Stored dataset items:
+===+
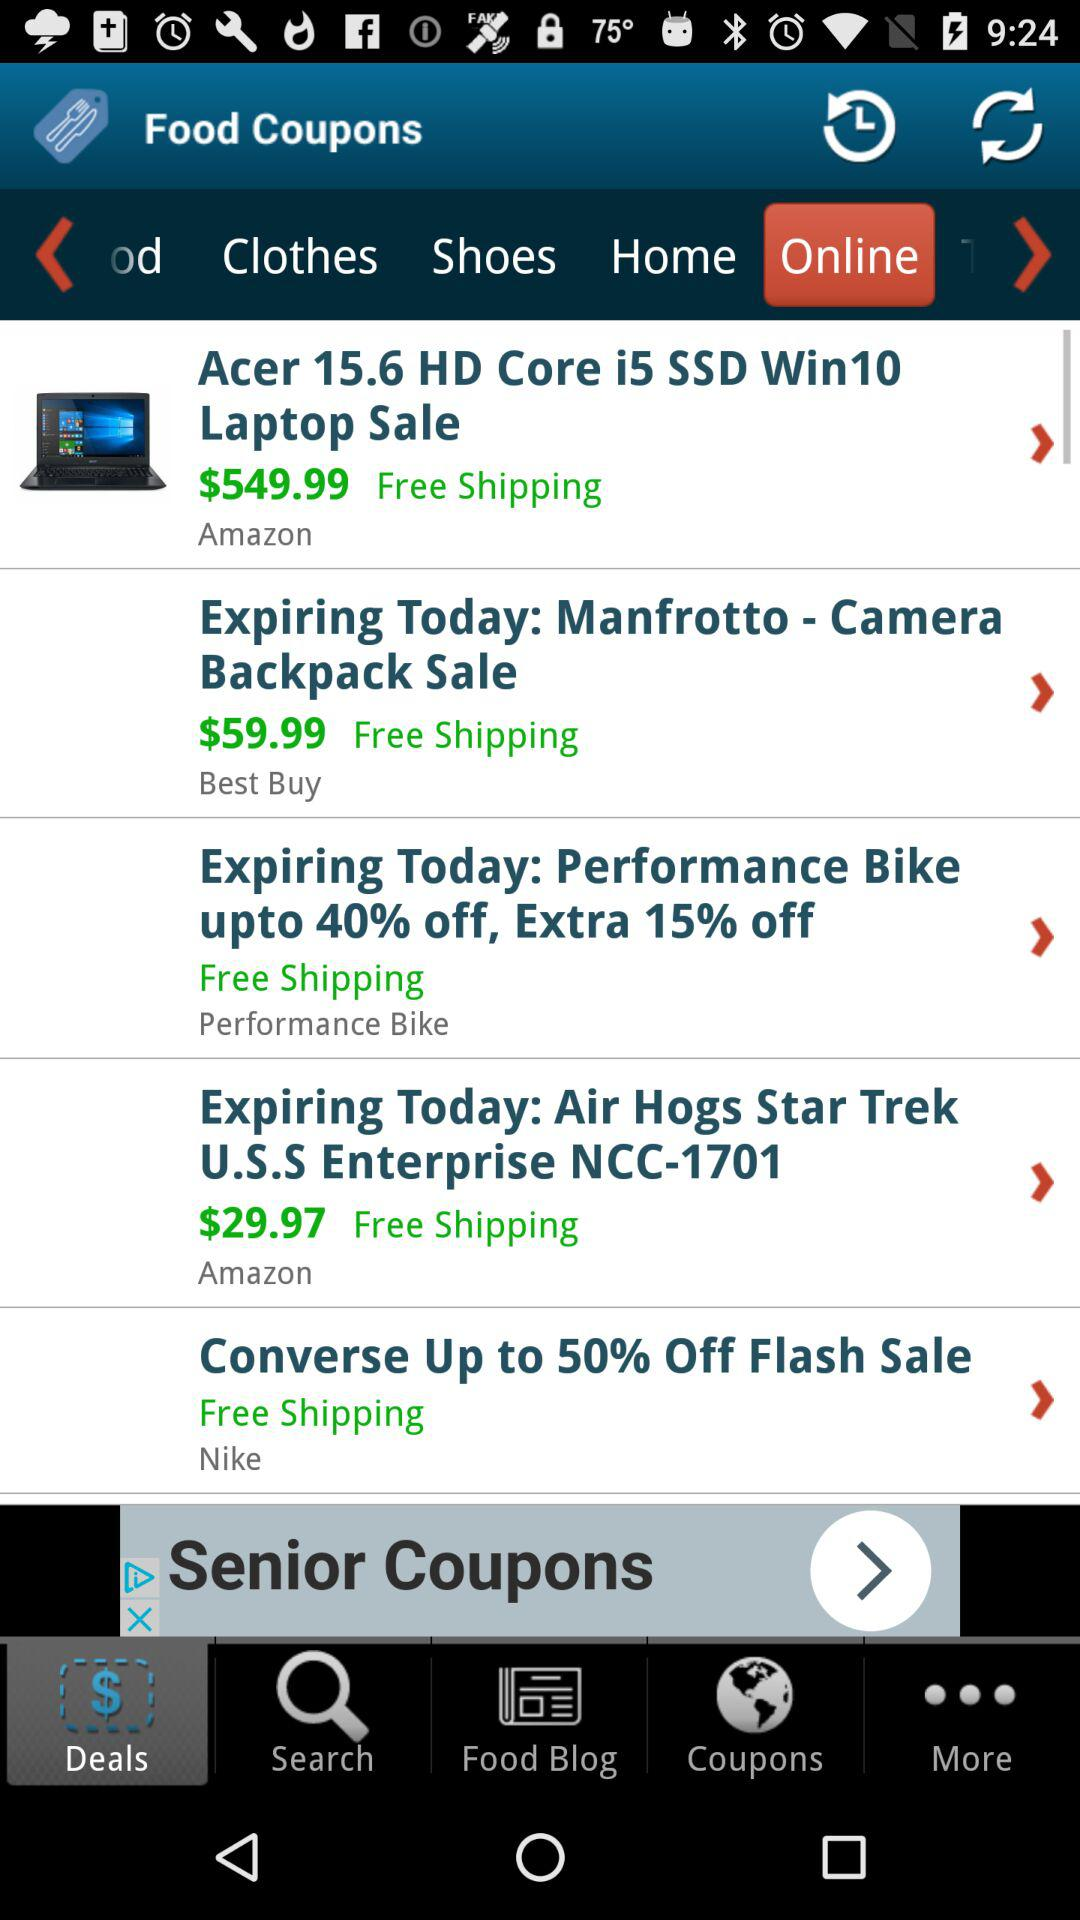Is shipping free or paid?
Answer the question using a single word or phrase. Shipping is free. 
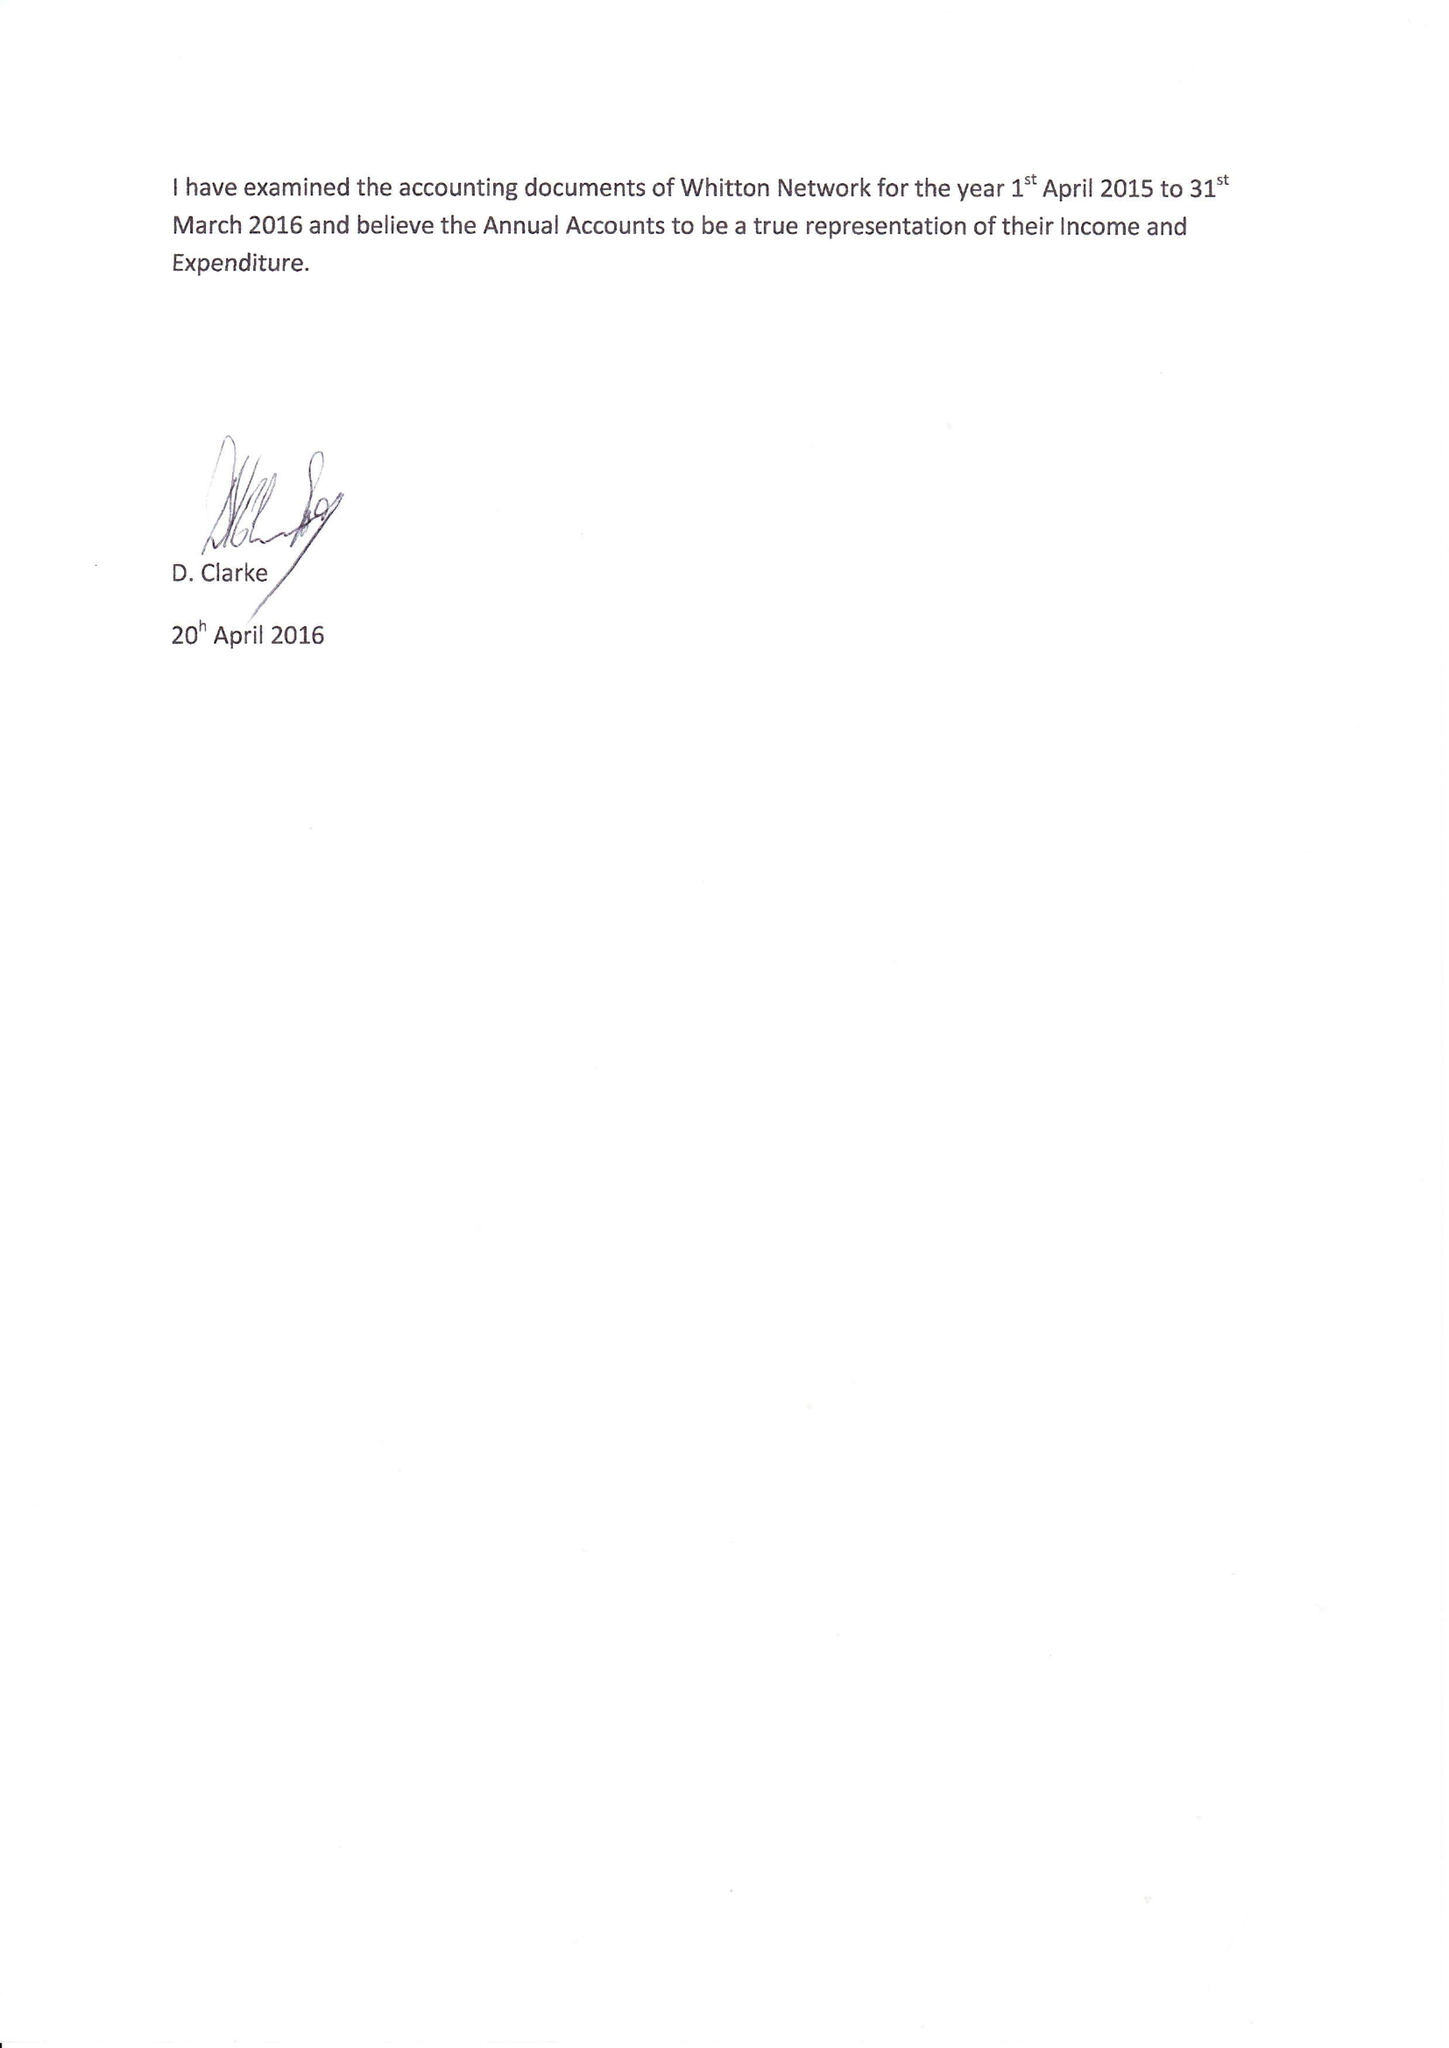What is the value for the income_annually_in_british_pounds?
Answer the question using a single word or phrase. 26292.00 
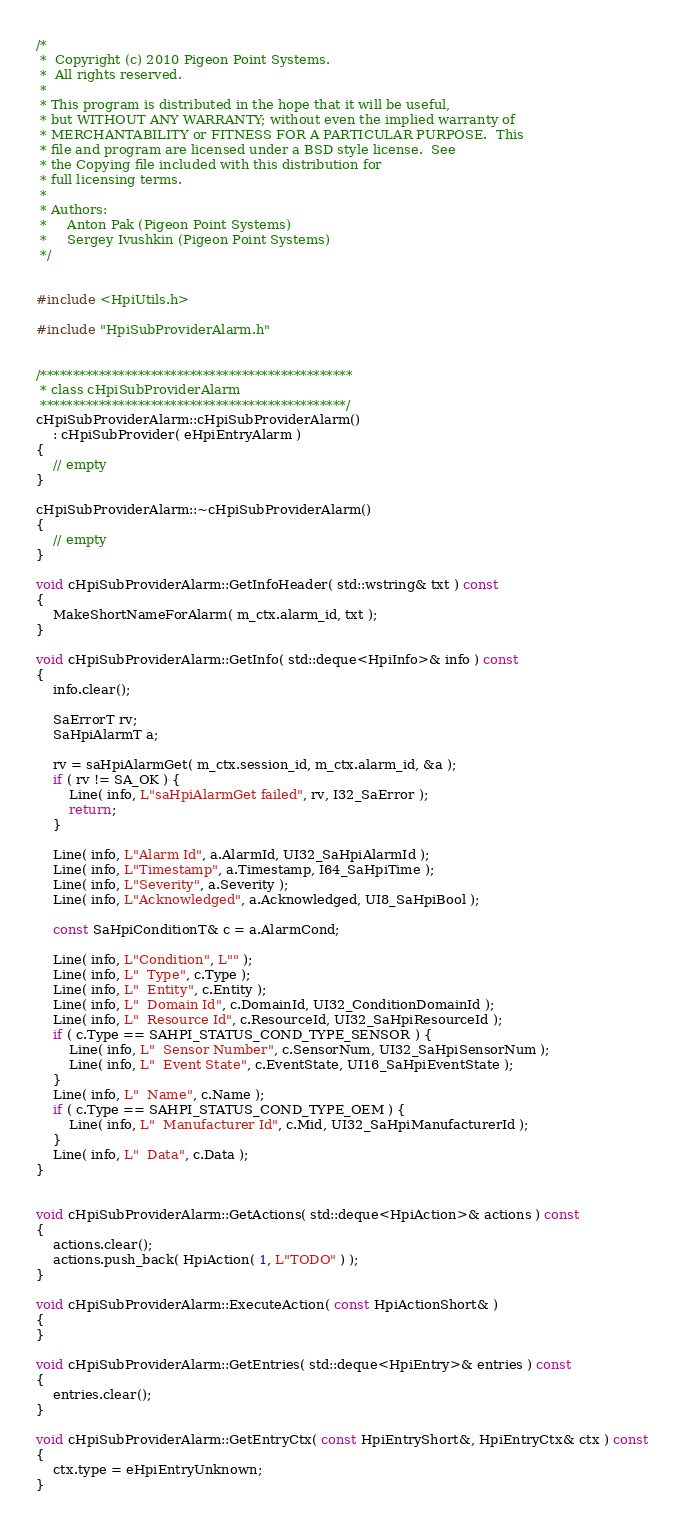<code> <loc_0><loc_0><loc_500><loc_500><_C++_>/*
 *  Copyright (c) 2010 Pigeon Point Systems.
 *  All rights reserved.
 *
 * This program is distributed in the hope that it will be useful,
 * but WITHOUT ANY WARRANTY; without even the implied warranty of
 * MERCHANTABILITY or FITNESS FOR A PARTICULAR PURPOSE.  This
 * file and program are licensed under a BSD style license.  See
 * the Copying file included with this distribution for
 * full licensing terms.
 *
 * Authors:
 *     Anton Pak (Pigeon Point Systems)
 *     Sergey Ivushkin (Pigeon Point Systems)
 */


#include <HpiUtils.h>

#include "HpiSubProviderAlarm.h"


/************************************************
 * class cHpiSubProviderAlarm
 ***********************************************/
cHpiSubProviderAlarm::cHpiSubProviderAlarm()
    : cHpiSubProvider( eHpiEntryAlarm )
{
    // empty
}

cHpiSubProviderAlarm::~cHpiSubProviderAlarm()
{
    // empty
}

void cHpiSubProviderAlarm::GetInfoHeader( std::wstring& txt ) const
{
    MakeShortNameForAlarm( m_ctx.alarm_id, txt );
}

void cHpiSubProviderAlarm::GetInfo( std::deque<HpiInfo>& info ) const
{
    info.clear();

    SaErrorT rv;
    SaHpiAlarmT a;

    rv = saHpiAlarmGet( m_ctx.session_id, m_ctx.alarm_id, &a );
    if ( rv != SA_OK ) {
        Line( info, L"saHpiAlarmGet failed", rv, I32_SaError );
        return;
    }

    Line( info, L"Alarm Id", a.AlarmId, UI32_SaHpiAlarmId );
    Line( info, L"Timestamp", a.Timestamp, I64_SaHpiTime );
    Line( info, L"Severity", a.Severity );
    Line( info, L"Acknowledged", a.Acknowledged, UI8_SaHpiBool );

    const SaHpiConditionT& c = a.AlarmCond;

    Line( info, L"Condition", L"" );
    Line( info, L"  Type", c.Type );
    Line( info, L"  Entity", c.Entity );
    Line( info, L"  Domain Id", c.DomainId, UI32_ConditionDomainId );
    Line( info, L"  Resource Id", c.ResourceId, UI32_SaHpiResourceId );
    if ( c.Type == SAHPI_STATUS_COND_TYPE_SENSOR ) {
        Line( info, L"  Sensor Number", c.SensorNum, UI32_SaHpiSensorNum );
        Line( info, L"  Event State", c.EventState, UI16_SaHpiEventState );
    }
    Line( info, L"  Name", c.Name );
    if ( c.Type == SAHPI_STATUS_COND_TYPE_OEM ) {
        Line( info, L"  Manufacturer Id", c.Mid, UI32_SaHpiManufacturerId );
    }
    Line( info, L"  Data", c.Data );
}


void cHpiSubProviderAlarm::GetActions( std::deque<HpiAction>& actions ) const
{
    actions.clear();
    actions.push_back( HpiAction( 1, L"TODO" ) );
}

void cHpiSubProviderAlarm::ExecuteAction( const HpiActionShort& )
{
}

void cHpiSubProviderAlarm::GetEntries( std::deque<HpiEntry>& entries ) const
{
    entries.clear();
}

void cHpiSubProviderAlarm::GetEntryCtx( const HpiEntryShort&, HpiEntryCtx& ctx ) const
{
    ctx.type = eHpiEntryUnknown;
}

</code> 
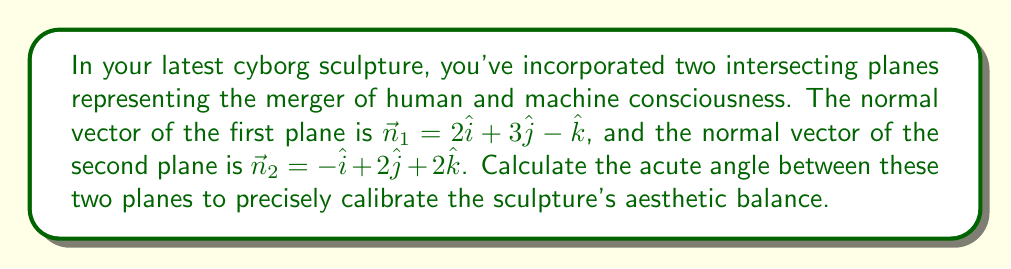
+===+
Exercise ->
Only the entries themselves should be output, word for word, with all pictures omitted.

Finished task ->
Is shipping free or paid?
Answer the question using a single word or phrase. Shipping is free. 
What is the value for the income_annually_in_british_pounds?
Answer the question using a single word or phrase. 26292.00 
<code> <loc_0><loc_0><loc_500><loc_500><_C++_>/*
 *  Copyright (c) 2010 Pigeon Point Systems.
 *  All rights reserved.
 *
 * This program is distributed in the hope that it will be useful,
 * but WITHOUT ANY WARRANTY; without even the implied warranty of
 * MERCHANTABILITY or FITNESS FOR A PARTICULAR PURPOSE.  This
 * file and program are licensed under a BSD style license.  See
 * the Copying file included with this distribution for
 * full licensing terms.
 *
 * Authors:
 *     Anton Pak (Pigeon Point Systems)
 *     Sergey Ivushkin (Pigeon Point Systems)
 */


#include <HpiUtils.h>

#include "HpiSubProviderAlarm.h"


/************************************************
 * class cHpiSubProviderAlarm
 ***********************************************/
cHpiSubProviderAlarm::cHpiSubProviderAlarm()
    : cHpiSubProvider( eHpiEntryAlarm )
{
    // empty
}

cHpiSubProviderAlarm::~cHpiSubProviderAlarm()
{
    // empty
}

void cHpiSubProviderAlarm::GetInfoHeader( std::wstring& txt ) const
{
    MakeShortNameForAlarm( m_ctx.alarm_id, txt );
}

void cHpiSubProviderAlarm::GetInfo( std::deque<HpiInfo>& info ) const
{
    info.clear();

    SaErrorT rv;
    SaHpiAlarmT a;

    rv = saHpiAlarmGet( m_ctx.session_id, m_ctx.alarm_id, &a );
    if ( rv != SA_OK ) {
        Line( info, L"saHpiAlarmGet failed", rv, I32_SaError );
        return;
    }

    Line( info, L"Alarm Id", a.AlarmId, UI32_SaHpiAlarmId );
    Line( info, L"Timestamp", a.Timestamp, I64_SaHpiTime );
    Line( info, L"Severity", a.Severity );
    Line( info, L"Acknowledged", a.Acknowledged, UI8_SaHpiBool );

    const SaHpiConditionT& c = a.AlarmCond;

    Line( info, L"Condition", L"" );
    Line( info, L"  Type", c.Type );
    Line( info, L"  Entity", c.Entity );
    Line( info, L"  Domain Id", c.DomainId, UI32_ConditionDomainId );
    Line( info, L"  Resource Id", c.ResourceId, UI32_SaHpiResourceId );
    if ( c.Type == SAHPI_STATUS_COND_TYPE_SENSOR ) {
        Line( info, L"  Sensor Number", c.SensorNum, UI32_SaHpiSensorNum );
        Line( info, L"  Event State", c.EventState, UI16_SaHpiEventState );
    }
    Line( info, L"  Name", c.Name );
    if ( c.Type == SAHPI_STATUS_COND_TYPE_OEM ) {
        Line( info, L"  Manufacturer Id", c.Mid, UI32_SaHpiManufacturerId );
    }
    Line( info, L"  Data", c.Data );
}


void cHpiSubProviderAlarm::GetActions( std::deque<HpiAction>& actions ) const
{
    actions.clear();
    actions.push_back( HpiAction( 1, L"TODO" ) );
}

void cHpiSubProviderAlarm::ExecuteAction( const HpiActionShort& )
{
}

void cHpiSubProviderAlarm::GetEntries( std::deque<HpiEntry>& entries ) const
{
    entries.clear();
}

void cHpiSubProviderAlarm::GetEntryCtx( const HpiEntryShort&, HpiEntryCtx& ctx ) const
{
    ctx.type = eHpiEntryUnknown;
}

</code> 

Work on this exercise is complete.